Prince Harry and Meghan Markle announced yesterday that their daughter Lilibet “Lili” Diana Mountbatten-Windsor had been born on Friday. She is Queen Elizabeth’s eleventh great-grandchild.
Bringing a child into our fallen world has always been an act of faith. Today is no exception.
In Pakistan, dozens of passengers were killed this morning when two trains collided. Officials are working to rescue at least seventeen people who remain trapped. People were leaving a graduation party in southern Florida yesterday when one or two cars pulled up and opened fire. Three people were killed and at least five others were injured.

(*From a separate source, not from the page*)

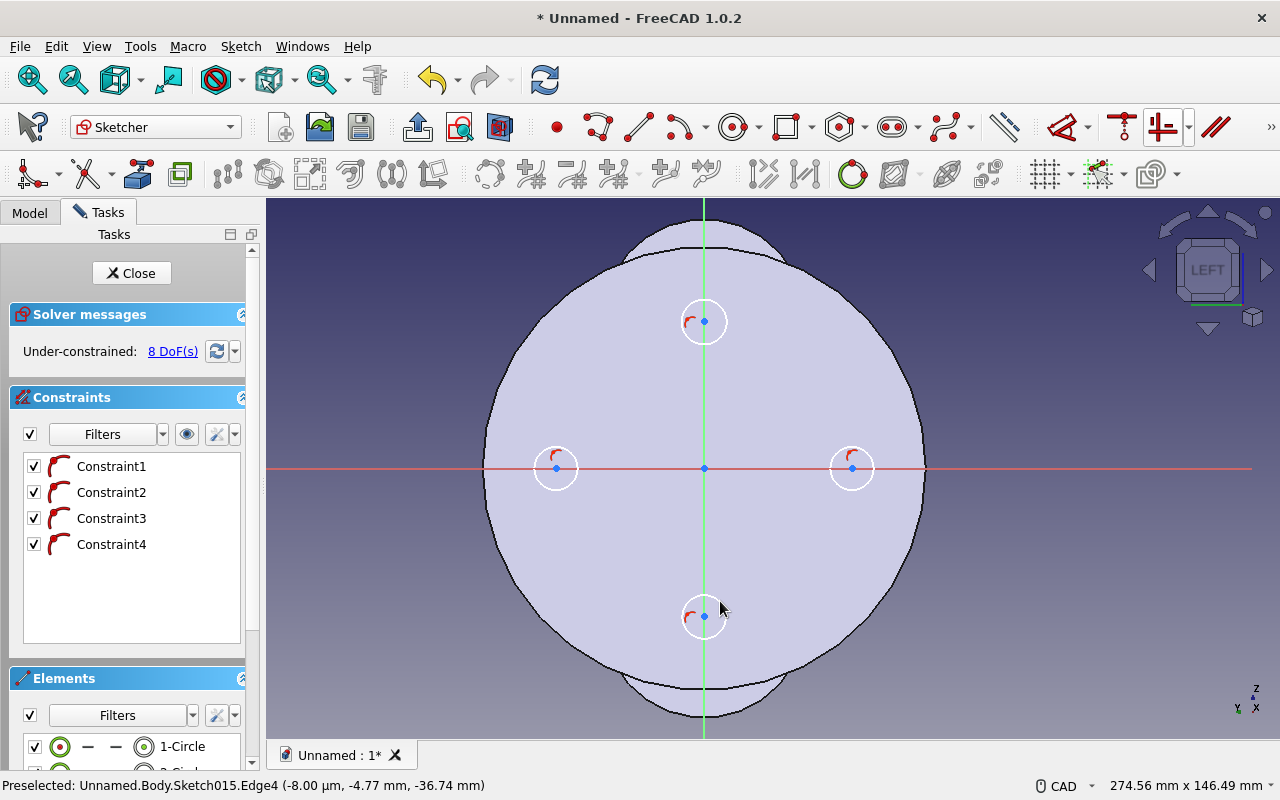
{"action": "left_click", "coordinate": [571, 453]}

A woman was shot in the face in New Orleans yesterday morning and is in critical condition. Seven others were injured in the mass shooting. A Delta Airline flight from Los Angeles to Nashville was diverted to New Mexico on Friday after a passenger tried to break into the cockpit. Pro golfer Jon Rahm was leading the Memorial Tournament by six strokes on Saturday when he was told that he had tested positive for COVID-19 and was forced to withdraw.
“They love all men, and are persecuted by all”
Such stories leave us feeling powerless. But humans hate feeling powerless. We always have.
In the biblical era, you had options for dealing with your fears and anxieties. The Stoics told you to accept your fate and make the best of it. The Epicureans told you to seek what happiness you could find in the midst of your struggles. The Cynics told you to withdraw from life and focus on the bare essentials. The Skeptics told you to give up trying to understand your struggles. Their descendants are still telling us to do the same today.
Followers of Jesus knew a better way. An early Christian describes his fellow believers this way:
“They have a common table, but not a common bed. They are in the flesh, but they do not live after the flesh. They pass their days on earth, but they are citizens of heaven. They obey the prescribed laws, and at the same time surpass the laws by their lives.
“They love all men, and are persecuted by all. They are unknown and condemned; they are put to death, and restored to life. They are poor, yet make many rich; they are in lack of all things, and yet abound in all; they are dishonored, and yet in the very dishonor are glorified. They are evil spoken of, and yet are justified; they are reviled, and bless; they are insulted, and repay the insult with honor. . . .
“To sum up all in one word—what the soul is to the body, that are Christians in the world” (The Epistle to Diognetus 5–6).
How could they have such peace in the face of such adversity? How can we?
“Do not be anxious about anything”
Here’s the biblical answer: “Do not be anxious about anything, but in everything by prayer and petition with thanksgiving let your requests be made known to God. And the peace of God, which surpasses all understanding, will guard your hearts and your minds in Christ Jesus” (Philippians 4:6–7). Let’s take this a phrase at a time.
“Do not be anxious about anything” is a present tense imperative, an ongoing command from God. If you are anxious about anything today, you are violating God’s word.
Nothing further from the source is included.